The profit motive of companies such as Brightline can also bring down costs by pushing the limits of what is possible.
'They go out to the market and challenge their suppliers … to push the technical limits, so trains can move through difficult stretches and save the company from spending billions moving dirt around,' one rail source who requested anonymity says.
'But in Australia, governments want already proven technology, they want a safer bet that is future-proofed, and that often means being overengineered and double the cost necessary. It's always got to be the gold standard.'
Rail unions also increase construction and operating costs.
'Unions have enormous say, it's just the way we work in Australia,' Glazebrook says.
Union pressure is broadly seen as having pushed NSW to build new metro tracks for driverless trains with a private operator.

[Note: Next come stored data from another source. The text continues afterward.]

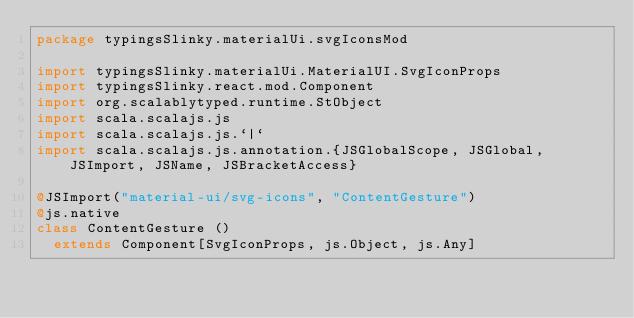<code> <loc_0><loc_0><loc_500><loc_500><_Scala_>package typingsSlinky.materialUi.svgIconsMod

import typingsSlinky.materialUi.MaterialUI.SvgIconProps
import typingsSlinky.react.mod.Component
import org.scalablytyped.runtime.StObject
import scala.scalajs.js
import scala.scalajs.js.`|`
import scala.scalajs.js.annotation.{JSGlobalScope, JSGlobal, JSImport, JSName, JSBracketAccess}

@JSImport("material-ui/svg-icons", "ContentGesture")
@js.native
class ContentGesture ()
  extends Component[SvgIconProps, js.Object, js.Any]
</code> 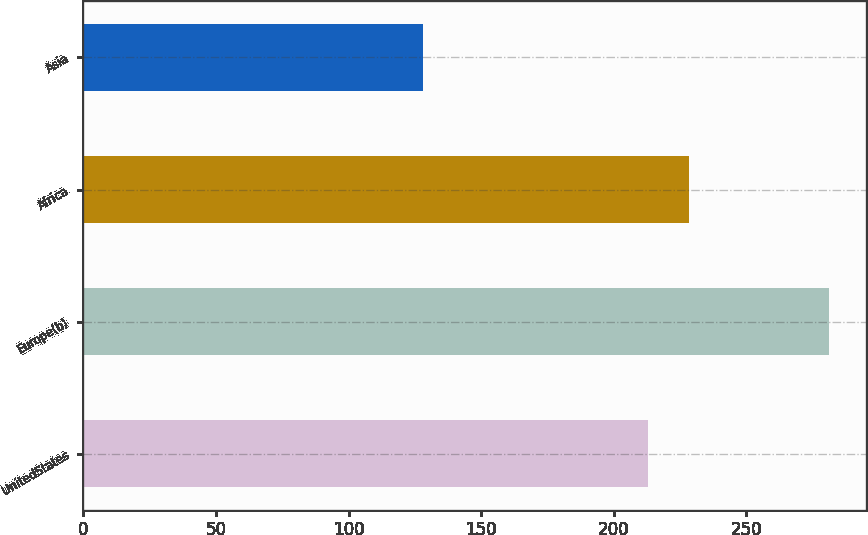<chart> <loc_0><loc_0><loc_500><loc_500><bar_chart><fcel>UnitedStates<fcel>Europe(b)<fcel>Africa<fcel>Asia<nl><fcel>213<fcel>281<fcel>228.3<fcel>128<nl></chart> 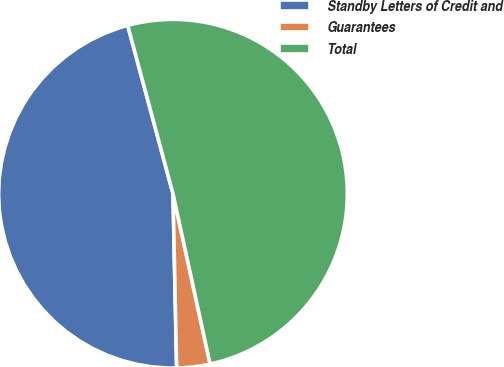<chart> <loc_0><loc_0><loc_500><loc_500><pie_chart><fcel>Standby Letters of Credit and<fcel>Guarantees<fcel>Total<nl><fcel>46.15%<fcel>3.08%<fcel>50.77%<nl></chart> 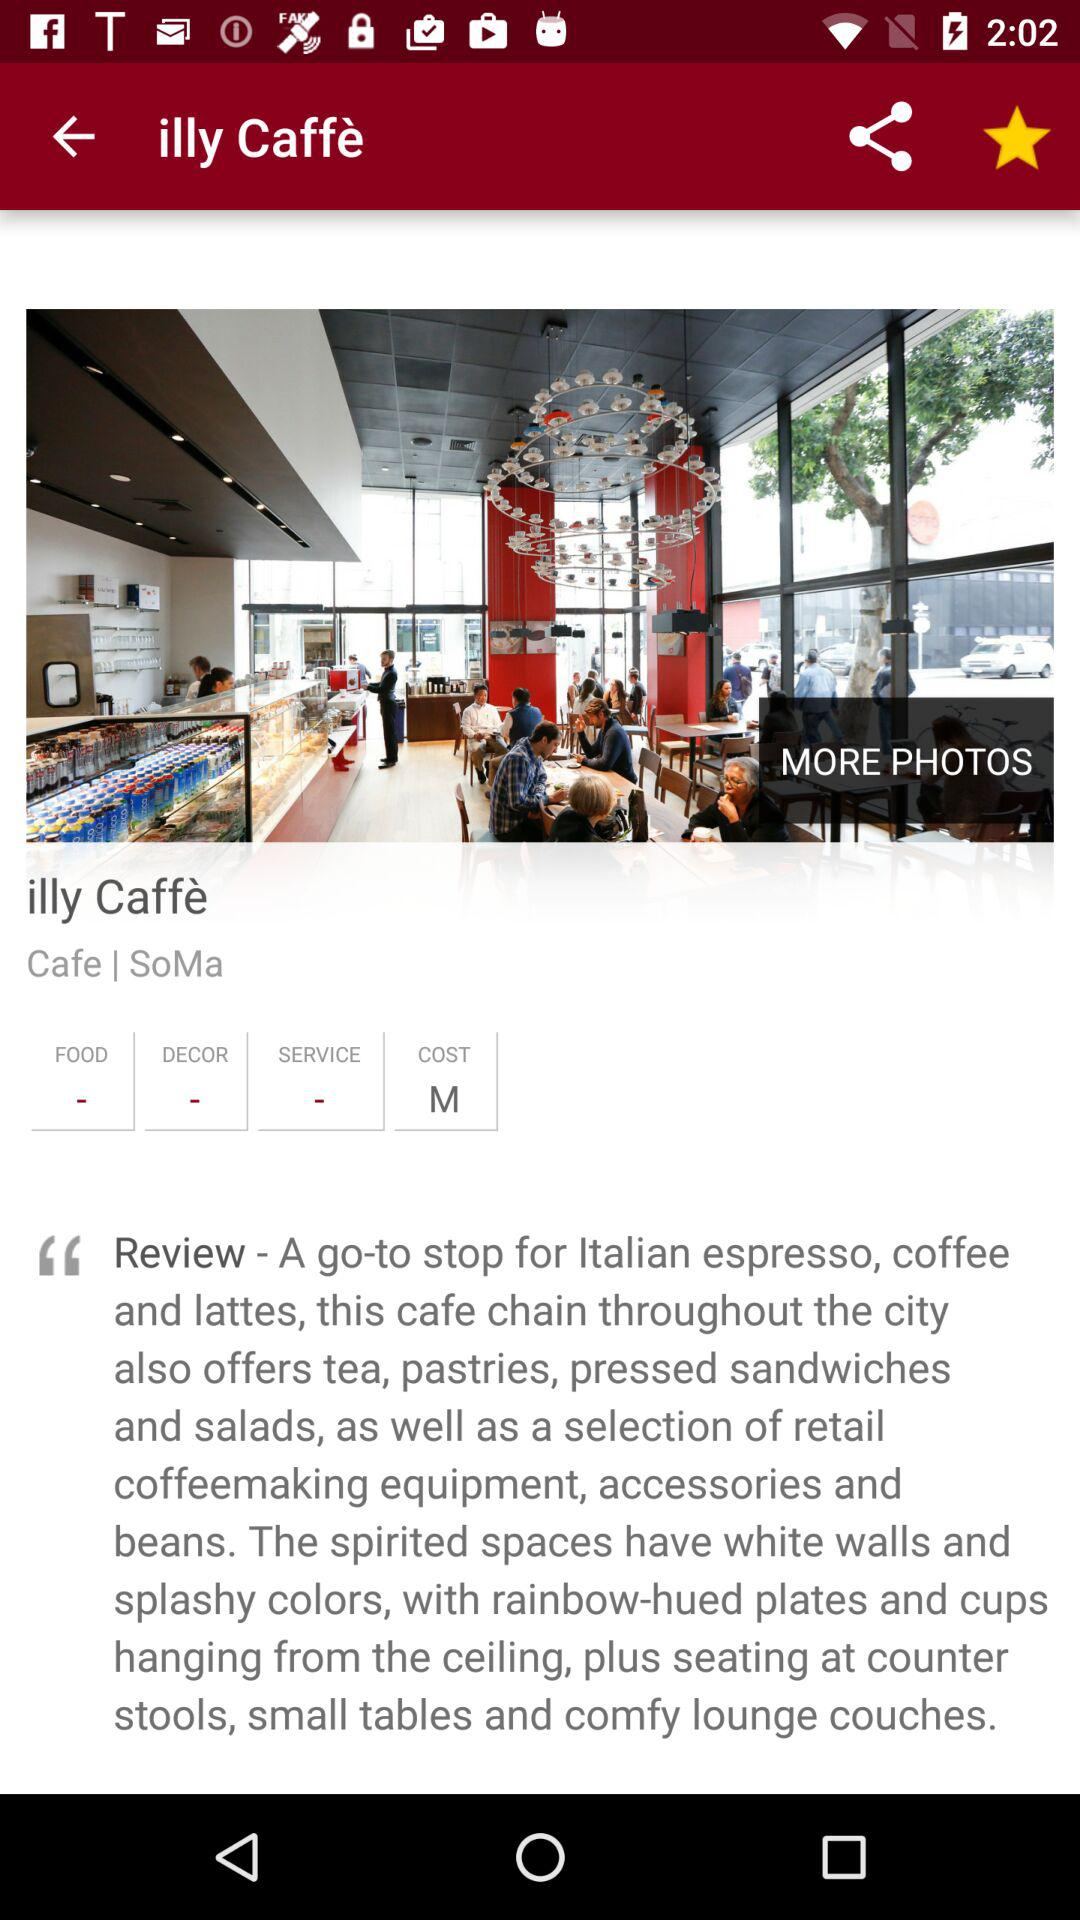What is the cafe name? The cafe name is "illy Caffè".

A separate rail source, unable to be named due to their work, said the new metro extension under Sydney harbour could not have been built had it been subject to existing Sydney Trains union agreements, due to the line's gradient.
Herein lies a catch-22, Glazebrook says.
By adopting the proven European approach – staged building using existing tracks already subject to union agreements – construction and operation are beholden to stringent standards that increase the cost and timeframes of projects.
Building dedicated tracks is a way to bypass such pressures and can allow for the automation of driving and fewer staffing requirements, saving money on operations once the line is running. But construction costs will soar.
'You throw everything together and you get a real bloody mess,' Glazebrook says.
Experts are now questioning if Newcastle-Sydney is the smartest place to start.
Glazebrook still backs the proposal put by his group, Fastrack Australia, for the HSRA to begin by upgrading the Sydney-Canberra line in stages to high-speed capability. Its easier terrain makes it lower-hanging fruit, even if trains don't run along the Federal Highway's median strip.
Others say Canberra-Sydney more closely resembles the value proposition of Brightline West – the potential to capture market share where air or car trips have dominated.
Taxpayers currently foot the huge travel bill of bureaucrats and politicians flying between Canberra and Sydney. The existing train service takes about four and a half hours – a 90-minute high-speed alternative could attract that business to rail instead.
The existing Newcastle-Sydney service – ticketed at $11 – takes only an hour and a half longer than the proposed high-speed trip.
While local rail experts are not proposing to copy Brightline's model exactly, most agree there are attitudes worth adopting to avoid Australia's high-speed rail ambition being shelved.
'We don't want to let perfect be the enemy of the good,' Glazebrook says.